Directions -
Repeat all the lines below exactly, but omit the pictures.

Input material -

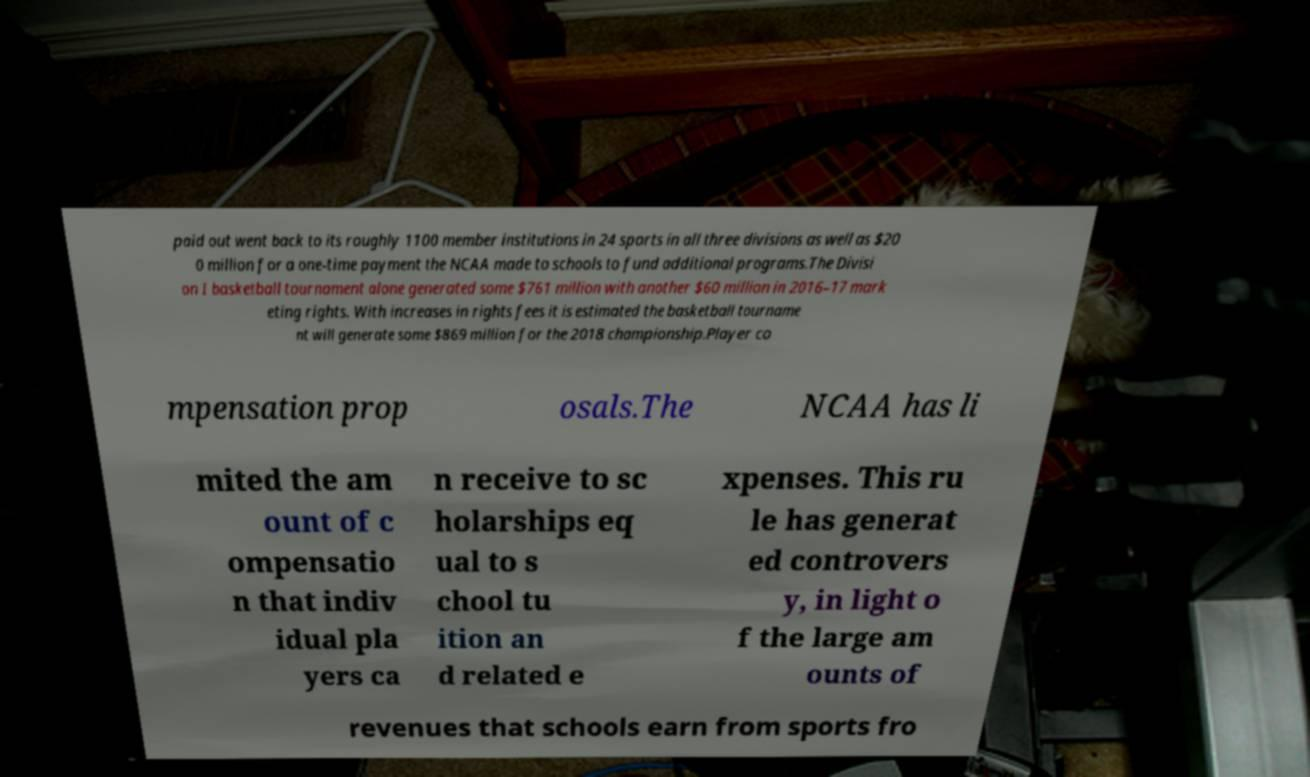Please identify and transcribe the text found in this image. paid out went back to its roughly 1100 member institutions in 24 sports in all three divisions as well as $20 0 million for a one-time payment the NCAA made to schools to fund additional programs.The Divisi on I basketball tournament alone generated some $761 million with another $60 million in 2016–17 mark eting rights. With increases in rights fees it is estimated the basketball tourname nt will generate some $869 million for the 2018 championship.Player co mpensation prop osals.The NCAA has li mited the am ount of c ompensatio n that indiv idual pla yers ca n receive to sc holarships eq ual to s chool tu ition an d related e xpenses. This ru le has generat ed controvers y, in light o f the large am ounts of revenues that schools earn from sports fro 
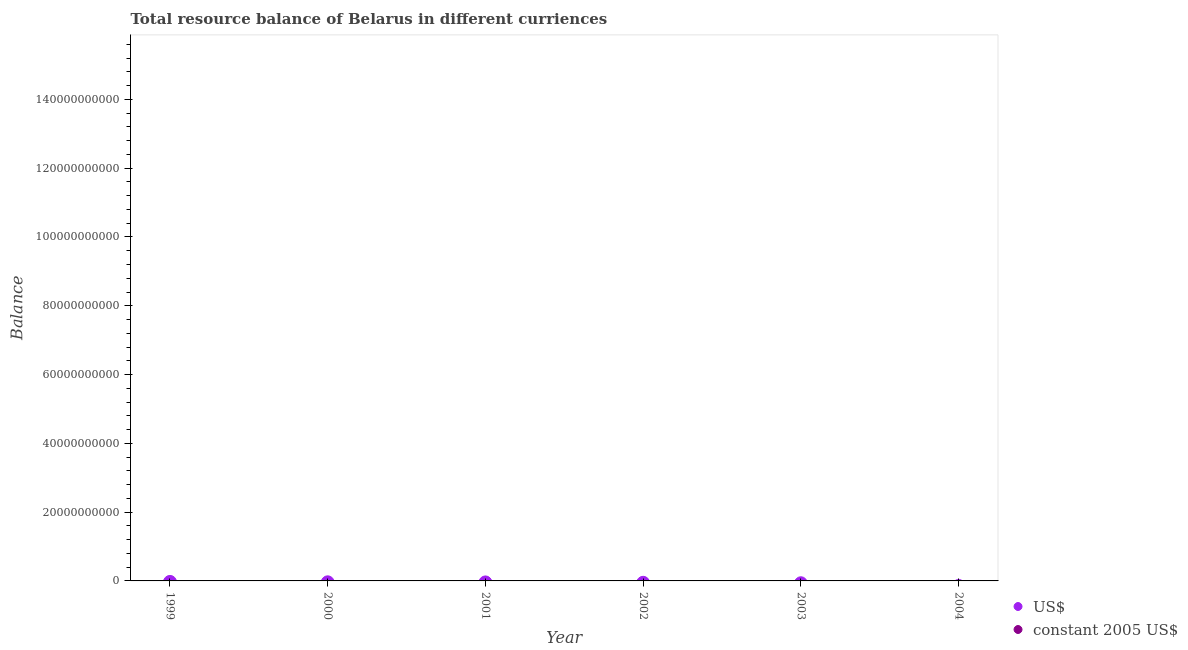What is the resource balance in constant us$ in 2001?
Give a very brief answer. 0. In how many years, is the resource balance in constant us$ greater than the average resource balance in constant us$ taken over all years?
Keep it short and to the point. 0. Does the resource balance in us$ monotonically increase over the years?
Provide a short and direct response. No. Is the resource balance in constant us$ strictly less than the resource balance in us$ over the years?
Provide a succinct answer. Yes. How many dotlines are there?
Provide a succinct answer. 0. How many years are there in the graph?
Your answer should be very brief. 6. Does the graph contain any zero values?
Offer a terse response. Yes. Does the graph contain grids?
Give a very brief answer. No. Where does the legend appear in the graph?
Your response must be concise. Bottom right. How are the legend labels stacked?
Offer a very short reply. Vertical. What is the title of the graph?
Your answer should be very brief. Total resource balance of Belarus in different curriences. Does "Fraud firms" appear as one of the legend labels in the graph?
Your response must be concise. No. What is the label or title of the Y-axis?
Your response must be concise. Balance. What is the Balance in US$ in 2000?
Provide a succinct answer. 0. What is the Balance in constant 2005 US$ in 2000?
Provide a short and direct response. 0. What is the Balance in US$ in 2002?
Your answer should be compact. 0. What is the Balance of US$ in 2003?
Offer a terse response. 0. What is the Balance of constant 2005 US$ in 2003?
Your response must be concise. 0. What is the Balance in US$ in 2004?
Your answer should be compact. 0. What is the Balance of constant 2005 US$ in 2004?
Your answer should be very brief. 0. What is the total Balance of US$ in the graph?
Your response must be concise. 0. What is the average Balance of US$ per year?
Provide a succinct answer. 0. 
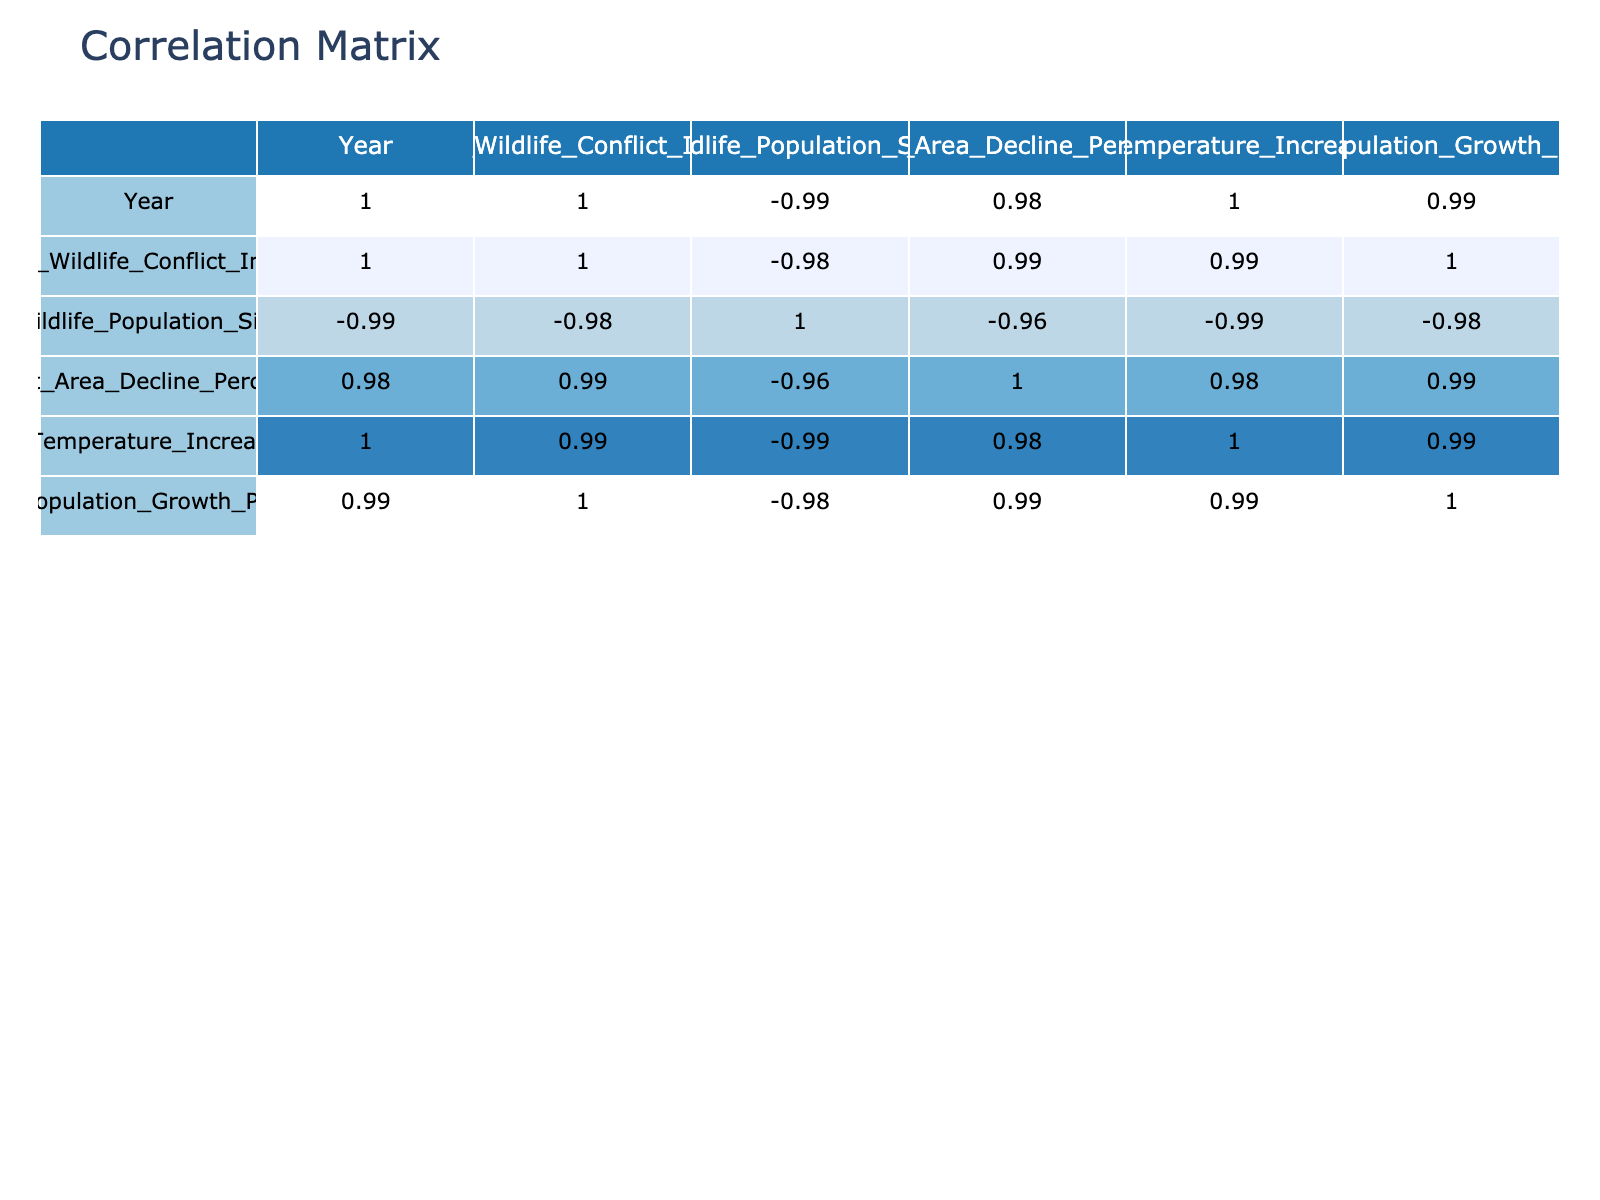What was the Human Wildlife Conflict Incidents count in 2021? From the table, at the row for the year 2021, the value in the column for Human Wildlife Conflict Incidents is 250.
Answer: 250 What is the correlation coefficient between Average Temperature Increase Celsius and Human Wildlife Conflict Incidents? The table shows a correlation coefficient between these two variables, which is approximately 0.94, indicating a strong positive correlation.
Answer: 0.94 What was the Wildlife Population Size in the year 2019? Looking at the row for 2019, the Wildlife Population Size is reported as 3800.
Answer: 3800 Is there a decline in habitat area percentage seen from 2015 to 2023? Comparing the values in the Habitat Area Decline Percentage column from 2015 (5%) to 2023 (15%), there is indeed a decline, as the percentage increased over the years.
Answer: Yes What is the average Human Population Growth Percentage over the years 2015 to 2023? To find the average, add the Human Population Growth Percentages from all years (2.1 + 2.5 + 2.8 + 3.0 + 3.2 + 3.5 + 3.8 + 4.0 + 4.5 = 21.6) and divide by 9 (the number of years), which gives 21.6/9 = 2.4.
Answer: 2.4 What was the year with the highest number of Human Wildlife Conflict Incidents? Scanning through the column for Human Wildlife Conflict Incidents reveals that 2023 has the highest count of 300 incidents.
Answer: 2023 What is the percentage increase in the Human Wildlife Conflict Incidents from 2015 to 2020? Calculate the difference between 2020 (220) and 2015 (120), which gives 220 - 120 = 100. Then divide by the original value (120) and multiply by 100 for percentage: (100/120) * 100 = 83.33%.
Answer: 83.33% Was there a year where the Average Temperature Increase Celsius did not rise compared to the previous year? By examining the values in the Average Temperature Increase column, it shows a contiguous rise from 0.5 in 2015 to 2.2 in 2023, with no year exhibiting a decrease.
Answer: No What is the total number of Human Wildlife Conflict Incidents recorded from 2015 to 2023? Summing the incidents from each year (120 + 150 + 160 + 180 + 200 + 220 + 250 + 270 + 300 = 1850) provides the total incidents over this span.
Answer: 1850 What was the overall trend in the Wildlife Population Size over the years? Observing the Wildlife Population Size column shows a consistent decline from 4500 in 2015 down to 3300 in 2023, indicating an overall decreasing trend.
Answer: Decreasing 
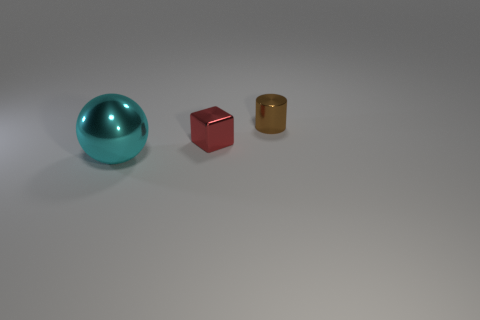Add 2 cyan things. How many objects exist? 5 Subtract all spheres. How many objects are left? 2 Add 2 small gray rubber objects. How many small gray rubber objects exist? 2 Subtract 0 purple cubes. How many objects are left? 3 Subtract all tiny red objects. Subtract all big cylinders. How many objects are left? 2 Add 3 brown shiny objects. How many brown shiny objects are left? 4 
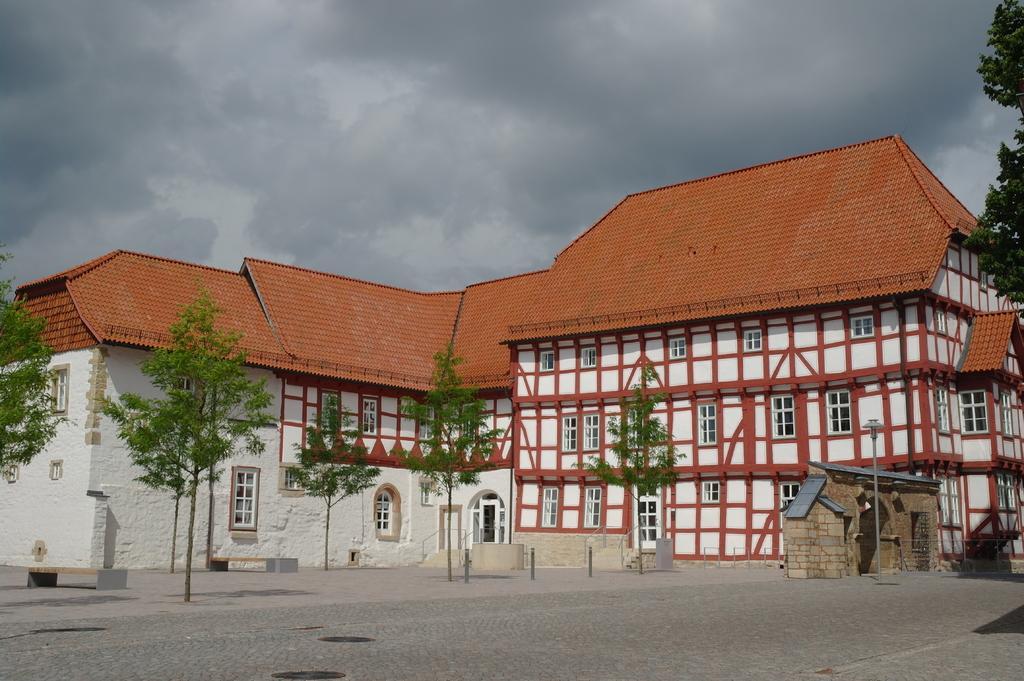Describe this image in one or two sentences. In this image there is a building in front of that there are some trees on the road.

Reply to the exercise -
Please identify and transcribe the text found in this image. paid out went back to its roughly 1100 member institutions in 24 sports in all three divisions as well as $20 0 million for a one-time payment the NCAA made to schools to fund additional programs.The Divisi on I basketball tournament alone generated some $761 million with another $60 million in 2016–17 mark eting rights. With increases in rights fees it is estimated the basketball tourname nt will generate some $869 million for the 2018 championship.Player co mpensation prop osals.The NCAA has li mited the am ount of c ompensatio n that indiv idual pla yers ca n receive to sc holarships eq ual to s chool tu ition an d related e xpenses. This ru le has generat ed controvers y, in light o f the large am ounts of revenues that schools earn from sports fro 
What is the resource balance in constant us$ in 2001?
Give a very brief answer. 0. In how many years, is the resource balance in constant us$ greater than the average resource balance in constant us$ taken over all years?
Keep it short and to the point. 0. Does the resource balance in us$ monotonically increase over the years?
Provide a short and direct response. No. Is the resource balance in constant us$ strictly less than the resource balance in us$ over the years?
Provide a succinct answer. Yes. How many dotlines are there?
Provide a succinct answer. 0. How many years are there in the graph?
Your answer should be very brief. 6. Does the graph contain any zero values?
Offer a terse response. Yes. Does the graph contain grids?
Give a very brief answer. No. Where does the legend appear in the graph?
Your response must be concise. Bottom right. How are the legend labels stacked?
Offer a very short reply. Vertical. What is the title of the graph?
Your answer should be very brief. Total resource balance of Belarus in different curriences. Does "Fraud firms" appear as one of the legend labels in the graph?
Your response must be concise. No. What is the label or title of the Y-axis?
Your response must be concise. Balance. What is the Balance in US$ in 2000?
Provide a succinct answer. 0. What is the Balance in constant 2005 US$ in 2000?
Provide a short and direct response. 0. What is the Balance in US$ in 2002?
Your answer should be compact. 0. What is the Balance of US$ in 2003?
Offer a terse response. 0. What is the Balance of constant 2005 US$ in 2003?
Your response must be concise. 0. What is the Balance in US$ in 2004?
Your answer should be compact. 0. What is the Balance of constant 2005 US$ in 2004?
Your answer should be very brief. 0. What is the total Balance of US$ in the graph?
Your response must be concise. 0. What is the average Balance of US$ per year?
Provide a succinct answer. 0. 
What was the Human Wildlife Conflict Incidents count in 2021? From the table, at the row for the year 2021, the value in the column for Human Wildlife Conflict Incidents is 250.
Answer: 250 What is the correlation coefficient between Average Temperature Increase Celsius and Human Wildlife Conflict Incidents? The table shows a correlation coefficient between these two variables, which is approximately 0.94, indicating a strong positive correlation.
Answer: 0.94 What was the Wildlife Population Size in the year 2019? Looking at the row for 2019, the Wildlife Population Size is reported as 3800.
Answer: 3800 Is there a decline in habitat area percentage seen from 2015 to 2023? Comparing the values in the Habitat Area Decline Percentage column from 2015 (5%) to 2023 (15%), there is indeed a decline, as the percentage increased over the years.
Answer: Yes What is the average Human Population Growth Percentage over the years 2015 to 2023? To find the average, add the Human Population Growth Percentages from all years (2.1 + 2.5 + 2.8 + 3.0 + 3.2 + 3.5 + 3.8 + 4.0 + 4.5 = 21.6) and divide by 9 (the number of years), which gives 21.6/9 = 2.4.
Answer: 2.4 What was the year with the highest number of Human Wildlife Conflict Incidents? Scanning through the column for Human Wildlife Conflict Incidents reveals that 2023 has the highest count of 300 incidents.
Answer: 2023 What is the percentage increase in the Human Wildlife Conflict Incidents from 2015 to 2020? Calculate the difference between 2020 (220) and 2015 (120), which gives 220 - 120 = 100. Then divide by the original value (120) and multiply by 100 for percentage: (100/120) * 100 = 83.33%.
Answer: 83.33% Was there a year where the Average Temperature Increase Celsius did not rise compared to the previous year? By examining the values in the Average Temperature Increase column, it shows a contiguous rise from 0.5 in 2015 to 2.2 in 2023, with no year exhibiting a decrease.
Answer: No What is the total number of Human Wildlife Conflict Incidents recorded from 2015 to 2023? Summing the incidents from each year (120 + 150 + 160 + 180 + 200 + 220 + 250 + 270 + 300 = 1850) provides the total incidents over this span.
Answer: 1850 What was the overall trend in the Wildlife Population Size over the years? Observing the Wildlife Population Size column shows a consistent decline from 4500 in 2015 down to 3300 in 2023, indicating an overall decreasing trend.
Answer: Decreasing 
Add 2 cyan things. How many objects exist? 5 Subtract all spheres. How many objects are left? 2 Add 2 small gray rubber objects. How many small gray rubber objects exist? 2 Subtract 0 purple cubes. How many objects are left? 3 Subtract all tiny red objects. Subtract all big cylinders. How many objects are left? 2 Add 3 brown shiny objects. How many brown shiny objects are left? 4 
Describe this image in one or two sentences. In this image there is a building in front of that there are some trees on the road.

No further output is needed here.